A wee tour of scotland

A Wee Tour of Scotland

A Wee Tour of Scotland

This year I decided to go on a short tour of Scotland, taking in both the Lowlands and the Highlands. Because I had a limited time to take in the attractions I decided to start on the West Coast of Scotland. I saw a few famous castles and an abbey before going to view Glen Nevis, a wonderful and scenic moor at the foot of Ben Nevis, the tallest mountain in Scotland, just outside Inverness. I finished my trip with a visit to the last place in Britain where a civil war had been fought.

My trip started when I went to Dumfries and Galloway on the south coast, a county that borders on England. I already knew a little bit of the history of the area, and I wanted to see one of the historical buildings I had seen on the internet. This was Sweetheart Abbey.

New Abbey, also known as Sweetheart Abbey, lies eight miles south of Dumfries. It was founded in 1275 by Dervorguilla of Galloway, daughter of Alan, Lord of Galloway. She did so in memory of her husband John de Balliol.

His embalmed heart was buried alongside her in a casket of ivory and silver when she died. The monks at the Abbey renamed the Abbey in tribute to her. The couple’s son, John, became king of Scotland. His reign was tragically short. The graves became lost over the years of depredations.

New Abbey is made of local sandstone and was founded as a daughter house to Dundrennan Abbey. The Novum Monasterium, New Monastery, became known as the New Abbey.

I left Dumfries and Galloway and travelled to just outside Ayr, in the county of Ayrshire, where I found Culzean Castle and Country park, which was given to the National Trust by the Kennedy family and covers a total of five hundred and sixty-three acres.

Robert Adams, his father and brothers were famous designers of the 18th and 19th centuries. Many of their buildings still exist in various parts of Britain and are protected as listed buildings. Culzean Castle is one of these. Robert Adams designed the Castle and it is regarded as his final masterpiece. The castle is associated with the turbulent history of the Clan Kennedy.

The castle contains an exquisite collection of pictures and 18th Century furniture alongside an armoury which was set up in the 19th century. The beautiful Oval Staircase is Robert Adam’s final masterpiece of interior design and there is no more fitting tribute to this wonderful architect. I would urge anyone visiting Scotland to consider coming to this impressive building.

President Eisenhower was given the freedom of Culzean after the Second World War and was granted his own apartment in the building for the rest of his life.

Moving up from the outskirts of Ayr, I soon came to Kilmarnock where I found the fully restored Dean Castle. This fine building was (not suprisingly) known as Kilmarnock castle until it was presented to the town of Kilmarnock by Lord Boyd in the 1960’s and renamed after the surrounding Dean Forest.

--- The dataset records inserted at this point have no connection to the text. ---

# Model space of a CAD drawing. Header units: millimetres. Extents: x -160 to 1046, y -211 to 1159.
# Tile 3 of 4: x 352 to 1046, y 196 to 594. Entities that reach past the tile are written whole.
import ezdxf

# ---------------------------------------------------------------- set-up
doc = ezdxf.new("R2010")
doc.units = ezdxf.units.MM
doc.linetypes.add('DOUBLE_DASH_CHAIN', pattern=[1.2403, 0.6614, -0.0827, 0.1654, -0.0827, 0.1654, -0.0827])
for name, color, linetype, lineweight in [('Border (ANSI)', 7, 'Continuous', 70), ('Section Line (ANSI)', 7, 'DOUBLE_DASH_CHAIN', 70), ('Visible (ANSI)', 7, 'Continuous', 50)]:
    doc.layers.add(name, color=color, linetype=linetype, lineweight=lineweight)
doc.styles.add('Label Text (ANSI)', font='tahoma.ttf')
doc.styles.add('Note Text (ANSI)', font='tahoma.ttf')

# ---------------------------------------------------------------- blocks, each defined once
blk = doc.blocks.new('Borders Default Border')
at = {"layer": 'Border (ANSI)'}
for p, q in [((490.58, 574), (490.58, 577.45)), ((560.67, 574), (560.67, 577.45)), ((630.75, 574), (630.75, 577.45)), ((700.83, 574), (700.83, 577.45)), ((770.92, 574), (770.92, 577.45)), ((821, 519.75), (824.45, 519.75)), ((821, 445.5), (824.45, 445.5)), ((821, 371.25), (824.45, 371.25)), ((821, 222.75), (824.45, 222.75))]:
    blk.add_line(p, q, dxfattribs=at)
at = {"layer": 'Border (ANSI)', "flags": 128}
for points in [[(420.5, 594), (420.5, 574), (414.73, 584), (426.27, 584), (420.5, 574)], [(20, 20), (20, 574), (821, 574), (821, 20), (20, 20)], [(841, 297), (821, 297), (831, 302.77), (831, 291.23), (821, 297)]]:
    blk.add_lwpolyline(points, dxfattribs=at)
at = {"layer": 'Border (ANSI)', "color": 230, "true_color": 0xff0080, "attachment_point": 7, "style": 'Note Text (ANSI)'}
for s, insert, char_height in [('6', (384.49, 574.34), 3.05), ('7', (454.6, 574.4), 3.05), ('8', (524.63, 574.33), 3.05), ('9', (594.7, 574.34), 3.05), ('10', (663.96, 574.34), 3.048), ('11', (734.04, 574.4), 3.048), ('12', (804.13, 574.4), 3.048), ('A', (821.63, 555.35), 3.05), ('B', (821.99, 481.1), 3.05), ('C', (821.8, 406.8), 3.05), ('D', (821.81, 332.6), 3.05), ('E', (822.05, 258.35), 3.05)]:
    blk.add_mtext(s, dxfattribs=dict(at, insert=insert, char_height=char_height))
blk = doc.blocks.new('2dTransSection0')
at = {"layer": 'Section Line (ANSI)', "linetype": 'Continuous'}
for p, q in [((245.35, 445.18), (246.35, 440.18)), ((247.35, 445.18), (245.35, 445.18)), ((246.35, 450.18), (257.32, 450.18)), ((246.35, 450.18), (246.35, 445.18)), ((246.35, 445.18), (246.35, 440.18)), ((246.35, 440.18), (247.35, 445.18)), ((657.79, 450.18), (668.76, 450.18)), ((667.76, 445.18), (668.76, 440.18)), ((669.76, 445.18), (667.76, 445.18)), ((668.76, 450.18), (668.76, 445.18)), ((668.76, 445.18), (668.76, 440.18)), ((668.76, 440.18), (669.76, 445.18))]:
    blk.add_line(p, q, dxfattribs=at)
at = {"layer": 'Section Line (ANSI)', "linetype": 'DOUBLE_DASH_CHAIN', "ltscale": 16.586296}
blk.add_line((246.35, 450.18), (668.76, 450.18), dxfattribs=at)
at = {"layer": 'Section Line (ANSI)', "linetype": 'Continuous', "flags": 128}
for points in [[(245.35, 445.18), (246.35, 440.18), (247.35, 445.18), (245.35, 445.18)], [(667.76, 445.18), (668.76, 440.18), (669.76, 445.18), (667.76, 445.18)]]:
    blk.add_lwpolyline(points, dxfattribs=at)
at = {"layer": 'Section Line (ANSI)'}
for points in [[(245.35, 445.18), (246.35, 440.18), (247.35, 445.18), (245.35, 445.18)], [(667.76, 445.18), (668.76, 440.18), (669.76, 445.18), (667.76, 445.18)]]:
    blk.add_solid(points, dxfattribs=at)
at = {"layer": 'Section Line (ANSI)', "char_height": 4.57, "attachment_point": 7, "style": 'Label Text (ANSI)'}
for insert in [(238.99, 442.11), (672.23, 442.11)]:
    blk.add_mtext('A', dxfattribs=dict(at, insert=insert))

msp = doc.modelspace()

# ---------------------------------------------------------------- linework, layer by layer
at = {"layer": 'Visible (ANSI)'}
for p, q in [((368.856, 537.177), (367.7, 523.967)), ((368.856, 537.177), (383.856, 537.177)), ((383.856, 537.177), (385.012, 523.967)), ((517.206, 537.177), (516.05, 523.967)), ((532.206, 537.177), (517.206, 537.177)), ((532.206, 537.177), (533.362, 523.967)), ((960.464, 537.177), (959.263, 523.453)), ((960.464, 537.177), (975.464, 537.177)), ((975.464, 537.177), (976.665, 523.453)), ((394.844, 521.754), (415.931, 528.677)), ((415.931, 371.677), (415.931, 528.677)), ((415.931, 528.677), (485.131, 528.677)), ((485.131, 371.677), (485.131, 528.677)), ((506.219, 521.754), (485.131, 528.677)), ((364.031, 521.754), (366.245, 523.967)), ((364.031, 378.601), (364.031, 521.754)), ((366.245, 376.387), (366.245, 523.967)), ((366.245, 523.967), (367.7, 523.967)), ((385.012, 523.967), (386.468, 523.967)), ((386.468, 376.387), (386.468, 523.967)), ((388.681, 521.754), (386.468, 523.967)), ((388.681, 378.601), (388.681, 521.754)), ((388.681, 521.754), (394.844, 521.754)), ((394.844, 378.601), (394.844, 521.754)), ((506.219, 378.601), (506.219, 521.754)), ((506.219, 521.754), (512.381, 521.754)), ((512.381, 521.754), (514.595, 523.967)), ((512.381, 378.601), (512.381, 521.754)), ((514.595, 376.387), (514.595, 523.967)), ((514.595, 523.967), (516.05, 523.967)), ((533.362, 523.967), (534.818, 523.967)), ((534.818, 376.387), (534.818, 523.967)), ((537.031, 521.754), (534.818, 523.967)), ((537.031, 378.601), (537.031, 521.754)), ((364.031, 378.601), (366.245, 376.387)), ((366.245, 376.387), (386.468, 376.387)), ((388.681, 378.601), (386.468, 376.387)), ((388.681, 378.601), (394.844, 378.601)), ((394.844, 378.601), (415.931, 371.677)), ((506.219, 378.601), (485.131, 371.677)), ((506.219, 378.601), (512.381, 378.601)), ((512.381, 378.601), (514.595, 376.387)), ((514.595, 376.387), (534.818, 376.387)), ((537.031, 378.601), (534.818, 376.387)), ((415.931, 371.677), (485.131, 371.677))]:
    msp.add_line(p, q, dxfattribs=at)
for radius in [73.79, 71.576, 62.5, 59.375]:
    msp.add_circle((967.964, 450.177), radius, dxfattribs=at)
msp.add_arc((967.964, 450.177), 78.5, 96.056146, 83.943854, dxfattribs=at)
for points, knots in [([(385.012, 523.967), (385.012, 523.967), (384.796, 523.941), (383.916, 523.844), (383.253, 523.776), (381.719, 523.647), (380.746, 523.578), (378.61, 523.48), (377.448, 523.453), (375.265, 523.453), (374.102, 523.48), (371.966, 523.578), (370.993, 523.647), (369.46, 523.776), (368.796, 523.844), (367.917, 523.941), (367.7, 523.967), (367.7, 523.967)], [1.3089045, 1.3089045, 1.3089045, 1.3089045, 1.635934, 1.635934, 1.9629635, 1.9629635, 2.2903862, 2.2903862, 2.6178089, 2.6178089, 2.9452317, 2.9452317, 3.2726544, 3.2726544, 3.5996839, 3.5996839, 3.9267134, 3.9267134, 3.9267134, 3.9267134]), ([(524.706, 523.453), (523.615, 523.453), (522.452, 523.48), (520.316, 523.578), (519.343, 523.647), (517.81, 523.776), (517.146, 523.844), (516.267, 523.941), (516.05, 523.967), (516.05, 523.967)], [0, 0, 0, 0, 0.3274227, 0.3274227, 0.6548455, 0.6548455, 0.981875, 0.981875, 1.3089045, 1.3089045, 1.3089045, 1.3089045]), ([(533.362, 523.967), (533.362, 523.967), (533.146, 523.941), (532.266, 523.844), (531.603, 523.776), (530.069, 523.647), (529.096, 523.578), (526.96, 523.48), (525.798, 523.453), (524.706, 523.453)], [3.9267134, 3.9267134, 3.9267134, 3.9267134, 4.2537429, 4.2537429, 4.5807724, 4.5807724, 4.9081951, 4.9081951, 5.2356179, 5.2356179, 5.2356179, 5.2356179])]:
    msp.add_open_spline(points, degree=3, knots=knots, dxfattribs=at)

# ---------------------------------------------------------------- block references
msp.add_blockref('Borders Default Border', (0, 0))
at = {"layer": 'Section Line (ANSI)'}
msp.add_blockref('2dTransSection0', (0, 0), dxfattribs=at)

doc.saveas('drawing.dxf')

The castle originally belonged to the Soulis clan, who were descended from the French rulers of Britain, arriving after 1066. The castle then passed into the hands of the Boyd clan in the 16th century. The titular Lord Kilmarnock had the distinction of being beheaded in 1746 in London after taking the wrong side in the Jacobite rebellion.

The castle itself was largely ruined. The only full original building is the Dower House, a large residence built by the owners in the early 20th century. The house was badly needed, because the castle was a ruin. It has now been restored by a combination of subscription and public funding. The great hall of the castle has walls over three metres thick, there is a keep tower, a dungeon into which I descended and sat without a light for a few seconds, and a well in the courtyard. Along the wall of the castle is a wooden, enclosed walkway that would have been used by the mistress of the house in wet weather when needing a quiet stroll. This is called Lady’s Walk.

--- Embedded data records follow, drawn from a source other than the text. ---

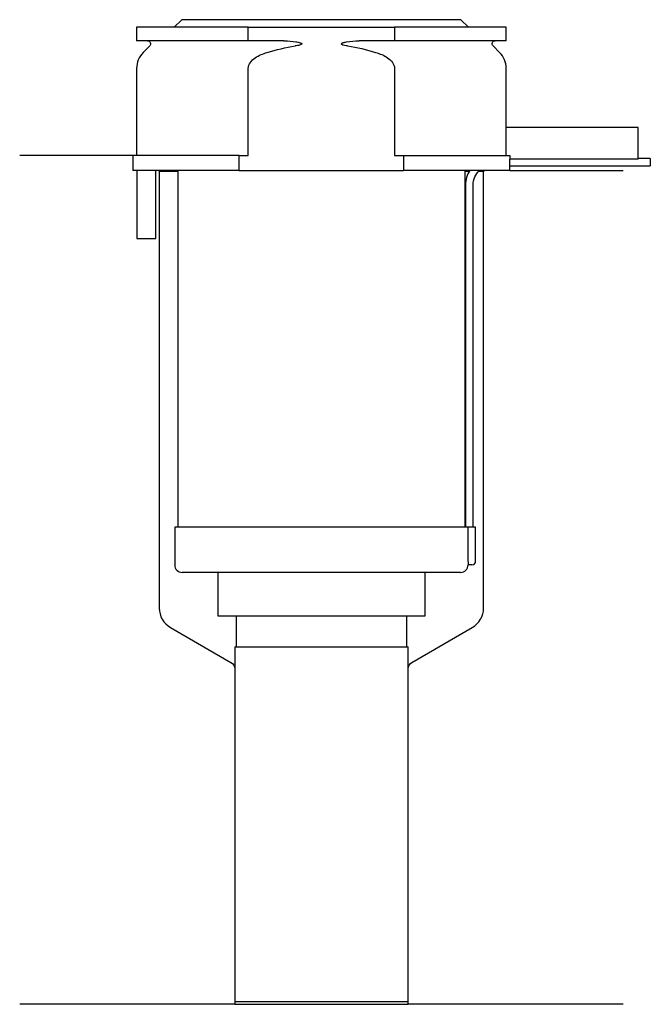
# Model space of a CAD drawing. Header units: millimetres. Extents: x 34 to 117, y 264 to 395.
import ezdxf

# ---------------------------------------------------------------- set-up
doc = ezdxf.new("R2010")
doc.units = ezdxf.units.MM
doc.layers.add('201', color=7, linetype='Continuous')
doc.layers.add('30', color=7, linetype='Continuous')

msp = doc.modelspace()

# ---------------------------------------------------------------- linework, layer by layer
at = {"layer": '201', "color": 113}
for p, q in [((48.86, 376.87), (33.86, 376.87)), ((48.86, 376.87), (48.86, 374.87)), ((52.26, 374.87), (52.36, 374.77)), ((52.36, 374.77), (54.81, 374.77)), ((52.36, 374.77), (52.36, 316.85)), ((92.91, 374.77), (93.46, 374.77)), ((94.73, 374.77), (95.36, 374.77)), ((95.36, 374.77), (95.46, 374.87)), ((95.36, 316.85), (95.36, 374.77)), ((98.86, 374.87), (113.86, 374.87)), ((53.86, 314.25), (61.87, 309.63)), ((85.86, 309.63), (93.86, 314.25)), ((62.37, 308.77), (62.37, 264.3)), ((85.36, 264.3), (85.36, 308.77)), ((62.37, 264.3), (33.86, 264.3)), ((62.37, 264.3), (85.36, 264.3)), ((113.86, 264.3), (85.36, 264.3))]:
    msp.add_line(p, q, dxfattribs=at)
for centre, start, end in [((55.36, 316.85), 180, 240), ((92.36, 316.85), 300, 360)]:
    msp.add_arc(centre, 3, start, end, dxfattribs=at)
at = {"layer": '201', "color": 113, "extrusion": (0, 0, -1)}
for centre, start, end in [((-61.37, 308.77), 120, 180), ((-86.36, 308.77), 0, 60)]:
    msp.add_arc(centre, 1, start, end, dxfattribs=at)
at = {"layer": '30', "color": 113}
for p, q in [((55.36, 394.87), (54.36, 393.87)), ((92.36, 394.87), (55.36, 394.87)), ((93.36, 393.87), (92.36, 394.87)), ((49.36, 393.87), (49.36, 392.07)), ((64.17, 393.87), (49.36, 393.87)), ((64.17, 392.07), (64.17, 393.87)), ((64.17, 393.87), (83.56, 393.87)), ((83.56, 393.87), (83.56, 392.07)), ((98.36, 393.87), (83.56, 393.87)), ((98.36, 392.07), (98.36, 393.87)), ((64.17, 392.07), (49.36, 392.07)), ((68.86, 392.07), (64.17, 392.07)), ((83.56, 392.07), (78.87, 392.07)), ((98.36, 392.07), (83.56, 392.07)), ((51.1, 391.39), (50.24, 390.53)), ((97.48, 390.53), (96.63, 391.39)), ((49.36, 388.41), (49.36, 376.87)), ((64.17, 376.87), (64.17, 388.41)), ((83.56, 388.41), (83.56, 376.87)), ((98.36, 380.57), (98.36, 388.41)), ((115.86, 380.57), (98.33, 380.57)), ((98.33, 380.57), (98.33, 376.87)), ((115.86, 376.37), (115.86, 380.57)), ((48.86, 376.87), (48.86, 374.87)), ((62.97, 376.87), (48.86, 376.87)), ((62.97, 376.87), (64.17, 376.87)), ((62.97, 374.87), (62.97, 376.87)), ((83.56, 376.87), (84.76, 376.87)), ((84.76, 376.87), (84.76, 374.87)), ((84.76, 376.87), (98.83, 376.87)), ((98.83, 376.87), (98.83, 376.37)), ((115.86, 376.37), (98.83, 376.37)), ((117.46, 376.47), (115.86, 376.47)), ((117.46, 376.47), (117.46, 375.47)), ((62.97, 374.87), (48.86, 374.87)), ((49.41, 374.87), (49.41, 365.87)), ((51.91, 365.87), (51.91, 374.87)), ((54.81, 374.87), (54.81, 327.57)), ((62.97, 374.87), (84.76, 374.87)), ((98.86, 374.87), (84.76, 374.87)), ((92.91, 327.57), (92.91, 374.87)), ((98.86, 374.87), (98.86, 375.47)), ((98.86, 375.47), (117.46, 375.47)), ((92.96, 372.97), (92.96, 327.57)), ((93.96, 327.57), (93.96, 372.97)), ((49.41, 365.87), (51.91, 365.87)), ((93.29, 327.57), (54.41, 327.57)), ((54.41, 327.57), (54.41, 322.57)), ((93.29, 327.57), (93.29, 323.07)), ((94.31, 327.57), (93.29, 327.57)), ((94.31, 323.07), (94.31, 327.57)), ((93.81, 322.57), (93.31, 322.57)), ((92.31, 321.57), (55.41, 321.57)), ((60.11, 321.57), (60.11, 315.81)), ((87.61, 315.81), (87.61, 321.57)), ((60.11, 315.81), (87.61, 315.81)), ((62.56, 315.81), (62.56, 311.71)), ((85.17, 311.71), (85.17, 315.81)), ((62.37, 311.71), (85.36, 311.71)), ((62.37, 311.71), (62.37, 264.66)), ((85.36, 264.66), (85.36, 311.71)), ((62.37, 264.66), (85.36, 264.66))]:
    msp.add_line(p, q, dxfattribs=at)
at = {"layer": '30', "color": 113, "extrusion": (0, 0, -1)}
for centre, radius, start, end in [((-50.81, 391.67), 0.4, 90, 225), ((-96.91, 391.67), 0.4, -45, 90), ((-96.46, 372.97), 2.5, 0, 49.4559)]:
    msp.add_arc(centre, radius, start, end, dxfattribs=at)
at = {"layer": '30', "color": 113}
for centre, radius, start, end in [((52.36, 388.41), 3, 135, 180), ((95.36, 388.41), 3, 0, 45), ((96.46, 372.97), 3.5, 147.0676, 180), ((55.41, 322.57), 1, 180, 270), ((92.31, 322.57), 1, -90, 0), ((93.81, 323.07), 0.5, -90, 0)]:
    msp.add_arc(centre, radius, start, end, dxfattribs=at)
for points, knots in [([(68.86, 392.07), (68.9, 392.07), (68.94, 392.07), (69.48, 392.06), (69.98, 392.02), (70.48, 391.94), (70.67, 391.91), (70.87, 391.87), (71.09, 391.8), (71.11, 391.79), (71.16, 391.77), (71.17, 391.76), (71.21, 391.74), (71.22, 391.73), (71.24, 391.71), (71.25, 391.7), (71.25, 391.69), (71.26, 391.69), (71.26, 391.67), (71.26, 391.67), (71.26, 391.66), (71.26, 391.65), (71.25, 391.64), (71.25, 391.63), (71.23, 391.61), (71.21, 391.6), (71.12, 391.55), (71.03, 391.52), (70.77, 391.45), (70.58, 391.42), (70.38, 391.39)], [0, 0, 0, 0, 0.037532, 0.037532, 0.479326, 0.479326, 0.479326, 0.652283, 0.652283, 0.67679, 0.67679, 0.692908, 0.692908, 0.709848, 0.709848, 0.715998, 0.715998, 0.722254, 0.722254, 0.726798, 0.726798, 0.731321, 0.731321, 0.738696, 0.738696, 0.757525, 0.757525, 0.830443, 0.830443, 1, 1, 1, 1]), ([(77.34, 391.39), (77.06, 391.43), (76.74, 391.44), (76.45, 391.65), (76.49, 391.73), (76.62, 391.79), (76.69, 391.81), (76.89, 391.87), (77.03, 391.9), (77.73, 392.02), (78.3, 392.07), (78.87, 392.07)], [0, 0, 0, 0, 0.25, 0.25, 0.3125, 0.3125, 0.375, 0.375, 0.5, 0.5, 1, 1, 1, 1]), ([(64.17, 388.41), (64.17, 388.99), (64.61, 389.49), (65.57, 390.15), (66.12, 390.36), (66.67, 390.53)], [0, 0, 0, 0, 0.5, 0.5, 1, 1, 1, 1]), ([(81.05, 390.53), (81.61, 390.36), (82.16, 390.15), (83.11, 389.49), (83.56, 388.99), (83.56, 388.41)], [0, 0, 0, 0, 0.5, 0.5, 1, 1, 1, 1]), ([(98.86, 375.47), (98.86, 375.47), (98.86, 375.48), (98.86, 375.51), (98.86, 375.53), (98.86, 375.59), (98.86, 375.63), (98.86, 375.69), (98.86, 375.72), (98.86, 375.76), (98.86, 375.79), (98.86, 375.86), (98.86, 375.91), (98.86, 376.02), (98.86, 376.07), (98.86, 376.17), (98.86, 376.22), (98.86, 376.3), (98.86, 376.34), (98.86, 376.37)], [0, 0, 0, 0, 0.12469, 0.12469, 0.249734, 0.249734, 0.374778, 0.374778, 0.437301, 0.437301, 0.499823, 0.499823, 0.624867, 0.624867, 0.749911, 0.749911, 0.874956, 0.874956, 1, 1, 1, 1]), ([(93.29, 323.07), (93.29, 323.01), (93.3, 322.96), (93.3, 322.85), (93.3, 322.8), (93.3, 322.72), (93.3, 322.68), (93.3, 322.62), (93.31, 322.6), (93.31, 322.58), (93.31, 322.57), (93.31, 322.57)], [0, 0, 0, 0, 0.207769, 0.207769, 0.415759, 0.415759, 0.624157, 0.624157, 0.834463, 0.834463, 1, 1, 1, 1])]:
    msp.add_open_spline(points, degree=3, knots=knots, dxfattribs=at)
for points in [[(66.67, 390.53), (67.89, 390.9), (69.12, 391.19), (70.38, 391.39)], [(77.34, 391.39), (78.59, 391.2), (79.83, 390.91), (81.05, 390.53)]]:
    msp.add_open_spline(points, degree=3, dxfattribs=at)

doc.saveas('drawing.dxf')

Still in Ayrshire, but crossing the water by ferry to do so, I went to visit Arran, leaving Ardrossan shore to get there. Brodick Castle is a red sandstone castle nestling quietly in a wooded area at the foot of Goatfell Mountain. Its stunning position allows a breathtaking view across Brodick Bay. The name Brodick originates from the Norse word meaning broad bay. Arran means peaked island in Gaelic.

The castle was built on the site of a Viking fortress. Its contents include quality silver, exquisite porcelain, paintings and sporting trophies.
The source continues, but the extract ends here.